NGS Auswertung

Dr. rer. nat. Steffen Lott

Die Rohdaten der verschiedenen Sequenzierplattformen (Illumina, Roche454, Life Technologies) werden als fastq Format in CLC Genomic Workbench importiert. Innerhalb dieser Software werden diese Daten je nach Enrichment (Amplikon-basiert oder Sondenhybridisierung) prozessiert, wie zum Beispiel durch „demultiplexing“ und spezielles „trimming“ (Zurechtschneiden) der Sequenzen. Ein Demultiplexing ist nötig, wenn verschiedene Proben simultan in einem Lauf sequenziert wurden. Jede Probe erhält einen eindeutigen Barcode, mit dem man jede Sequenz dieser Probe zuordnen kann. Ein sogenanntes Trimming kann aus zwei Gründen erfolgen: Einerseits dient es zur Entfernung von Linkersequenzen, die das Mapping verfälschen können, oder es wird andererseits zur Verbesserung der Qualität eingesetzt, zum Beispiel durch Abtrennung aller Basen unter einem bestimmten Q-Value am 3‘-Ende der Sequenz. Danach werden die Sequenzen der einzelnen Proben an das Humangenom (hg19) aligniert (Mapping). Mit diesem Mapping als Grundlage wird ein „Variant Call“ durchgeführt, der alle Abweichungen der zu analysierenden Sequenzen von der Referenzsequenz unbeachtet der Zygosität (homo- oder heterozygot) in Form einer Tabelle ausgibt. Diese werden neben Exonnummerierung, cDNA- und Aminosäreaustausch mit verschiedenen Datenbanken wie HGMD®, COSMIC, dbNSFP, PGX, sowie GWAS- und EVS Daten, Online Mendelian Inheritance in Man (OMIM®) Informationen und experimentell verifizierten „transcription factor-binding sites“ (TFBS) annotiert (Genome Trax ™ Modul von Biobase). Des Weiteren wird eine Coverage-Statistik pro Exon und pro Base erstellt um somit schlecht abgedeckte Bereiche (coverage < 20) zu detektieren und gegebenenfalls mittels Sanger-Sequenzierung nach zu analysieren.
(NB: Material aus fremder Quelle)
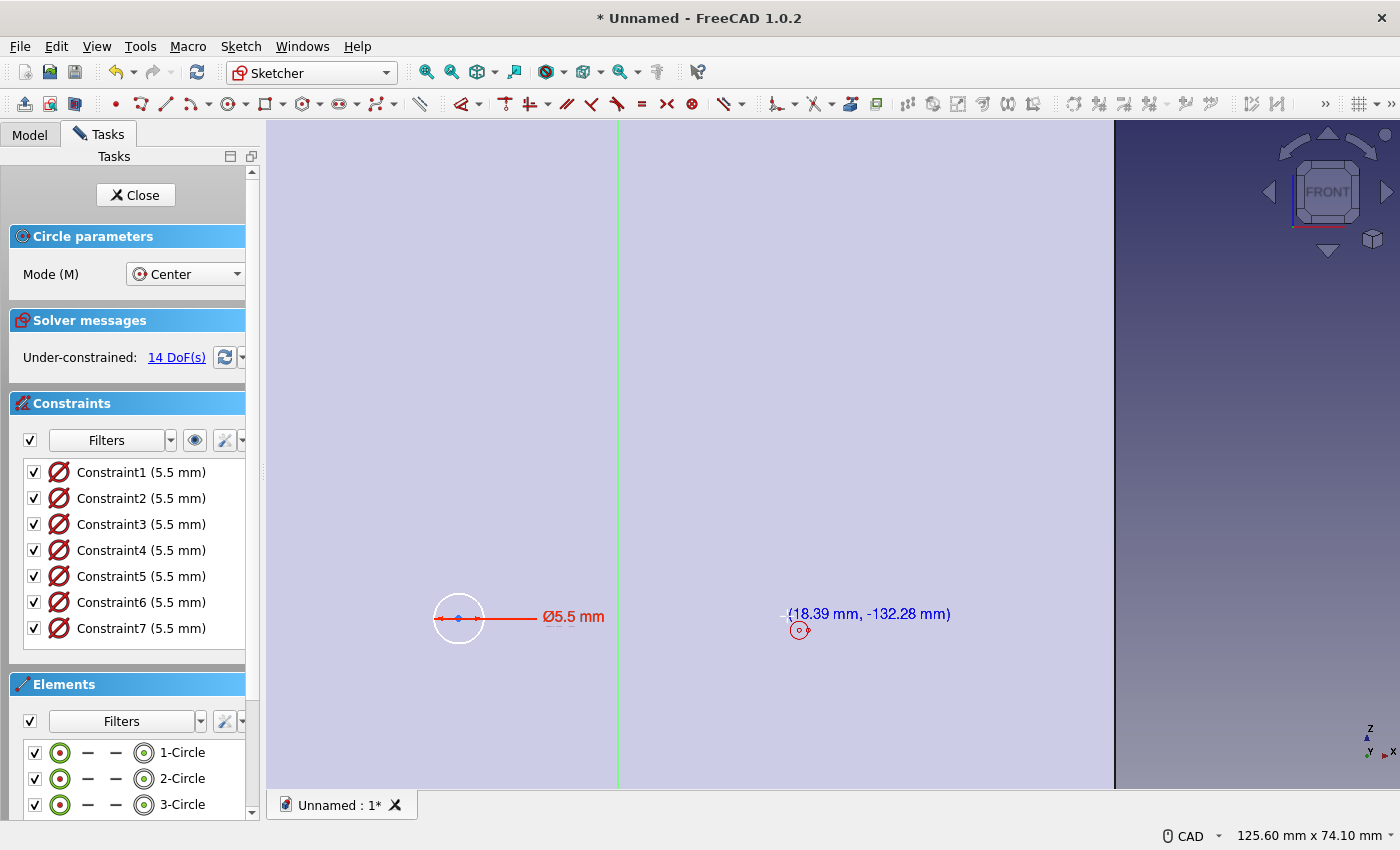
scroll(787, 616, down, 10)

Die Ergebnisse dieses Variant Calls werden in eine in-house Datenbank importiert. Die Datenbank nützt Informationen von allen sequenzierten Proben in anonymisierter Form zur internen Qualitätskontrolle, der Detektion von potentiellen Artefakten der Sequenzierung und zur Bestimmung der Frequenz jeder Variante in dem hausinternen Patientenkollektiv. Die Datenbank ist über ein Webinterface abfragbar und erlaubt ein dynamisches Filtern der Daten während der Auswertung.
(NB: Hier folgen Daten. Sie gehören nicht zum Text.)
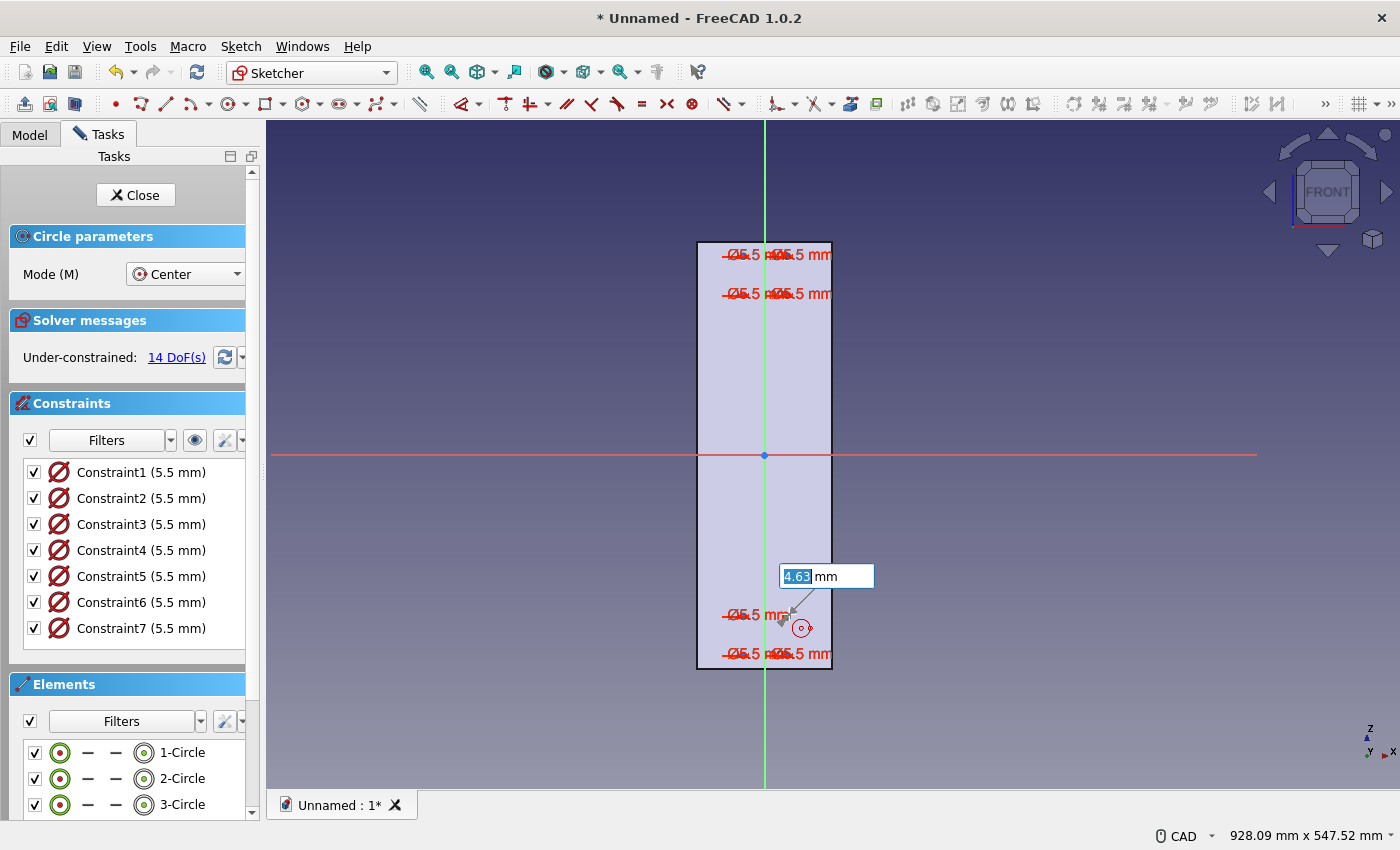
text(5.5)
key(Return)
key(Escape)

Eine weitere Möglichkeit der Analyse von NGS-Daten bietet der Genome Analysis Tool Kit (GATK) der am Broad Institute im Rahmen des 1000 Genomes Project entwickelt, und durch die Folgeprojekte EXAC und GnomAD konstant weiterentwickelt wurde. Die GATK-Pipeline übernimmt das Alignment der Reads an die aktuellste Version des Humangenoms (hg38), wobei Qualitätsparameter des Alignments wie Anzahl der gemappten Reads, größe der DNA-Fragmente sowie die Duplikatrate bestimmt werden können. Anschließend folgt auch hier der Schritt des Variant Calls, in dem alle Abweichungen zum Referenzgenom bestimmt werden. Des Weiteren wird eine Coverage-Statistik pro Exon und pro Base erstellt, um somit schlecht abgedeckte Bereiche (coverage < 20) zu detektieren und gegebenenfalls mittels Sanger-Sequenzierung nachzuanalysieren.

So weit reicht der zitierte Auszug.